Рука Ивана тянется к перу, в мыслях складывается строчка, затем вторая:
Новожилов есть такий, .
Ну, а кто ж его батьки?..
Перо устремляется дальше, легко, неслышно бежит по гладкой с желтоватым отливом бумаге.
Иван не услышал, как отворилась дверь и вошел Миклашевский. Лишь когда тот стал рядом, спохватился, накрыл листок локтем, отодвинул в сторону в сунул в открытый ящик стола.
Но Миклашевский ничего не заметил. В последнее время замкнутый, какой-то пришибленный, он сейчас снял, круглое, лоснящееся от пота лицо расплылось в улыбке.
— Подписал! — И захлебывающимся от восторга шепотом добавил: — Сказал: «Старайтесь, сударь, и года через три будете протоколистом...» Не токмо ты, Иване, но и я буду.
— Поздравляю!
На глазах Федора — неподдельные слезы. Они катились по щекам, а он не стыдился их, да, видно, и не чувствовал.
Иван оторопело смотрел на товарища. Был человек — и вдруг не стало, исчез, пропал, расплылся в мокрое серое пятно. Хотелось схватить его за ворот, встряхнуть: опомнись!
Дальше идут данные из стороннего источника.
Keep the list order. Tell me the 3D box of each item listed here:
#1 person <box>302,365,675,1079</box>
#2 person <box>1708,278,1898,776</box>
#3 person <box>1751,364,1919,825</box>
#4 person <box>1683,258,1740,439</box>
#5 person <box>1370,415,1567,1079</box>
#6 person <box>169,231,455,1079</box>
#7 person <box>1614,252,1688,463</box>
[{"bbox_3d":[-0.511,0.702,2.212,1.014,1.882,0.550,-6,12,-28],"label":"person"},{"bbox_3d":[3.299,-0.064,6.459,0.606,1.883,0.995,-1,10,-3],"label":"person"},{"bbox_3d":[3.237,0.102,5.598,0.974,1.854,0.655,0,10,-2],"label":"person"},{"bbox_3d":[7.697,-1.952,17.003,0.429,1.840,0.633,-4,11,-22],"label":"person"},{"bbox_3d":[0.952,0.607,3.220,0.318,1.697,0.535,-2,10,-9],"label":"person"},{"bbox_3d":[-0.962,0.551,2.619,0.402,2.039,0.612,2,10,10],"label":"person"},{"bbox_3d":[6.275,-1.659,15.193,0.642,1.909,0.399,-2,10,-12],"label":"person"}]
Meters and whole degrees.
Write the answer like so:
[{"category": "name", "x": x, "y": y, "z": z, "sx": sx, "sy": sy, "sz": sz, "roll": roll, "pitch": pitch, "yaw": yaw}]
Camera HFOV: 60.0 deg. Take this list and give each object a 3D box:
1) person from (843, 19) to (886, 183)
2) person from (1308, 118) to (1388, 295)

— Что же с тобой деется, Федор, лучший полтавский бурсак? Как смеешь умиляться от обещания какого-то Новожилова сделать тебя протоколистом? Не ты ли еще год тому назад с упоением читал по памяти Цицерона и несравненного Вергилия? Как торжественно звучала сочная латынь в твоих устах! А кроме того, ты и сам писал. Твои сочинения отец Иоанн Станиславский, ученик Сковороды и наш любимый учитель, ставил в пример другим и при всех говорил: «Надобно» сыне мой» усердно работать, у тебя хороший слог, а главное — мир окружающий зришь по-своему. Сие зело важно. Помни же, что говорил Плиний Старший: «Nulla dies sine linea[2].
Посул невесть откуда приблудившегося в Полтаву Новожилова застил тебе свет. А вспомни, как ты умилялся стихами Сковороды, которые читал нам отец Иоанн. Ты и сам мечтал писать. Неужто все забыл, предал? Но посмотри на меня, посмотри внимательно. Мне уже двадцать четыре, я протоколист — а как живу? Чего достиг? Такой же, как ты, как все, исполнитель бумаг.
Где же твои мечты, друг мой? Неужто забыл упоительные беседы наши в дни летних каникул, когда, забросив полупустые котомки за плечи, мы бродили по росистым дорогам нашего края, бывали в Диканьке и Опошне, доходили до самого Зенькова? Помнишь, как зоревали в полях под чистым августовским небом, укрывшись одной бурсацкой свиткой, и давали друг другу страшную клятву думать на языке матерей наших, а если бог отметит перстом своим, то и писать на этом забытом языке? А ты готов отречься? Уступить собственное невспаханное поле кому-то? Как же это, Федор? Неужто потерял разум? А может, я теряю? Наверно, ты не понимаешь, что самое горькое — терять друга, на которого надеялся, с которым собирался поровну делить и радости, и печаль?
Миклашевский, будто оглушенный, не слышал взволнованной, горячей речи Ивана. Он очень торопился, сложил впопыхах в стол бумаги, оделся и, не простившись, убежал.
Несчастный! А может... счастливый? Пройдет время — и он станет не только протоколистом, но и, может случиться, помощником столоначальника и тоже научится не замечать подчиненных? Не станет разговаривать с ними? У него будет свой дом, семья, полон двор добра. А чего еще, кстати, надобно человеку? Пожалуй... О чем, о чем думаешь ты, Иваи? Не о том ли, что и твой бывший однокашник по семинарии? Нет, тысячу раз нет!..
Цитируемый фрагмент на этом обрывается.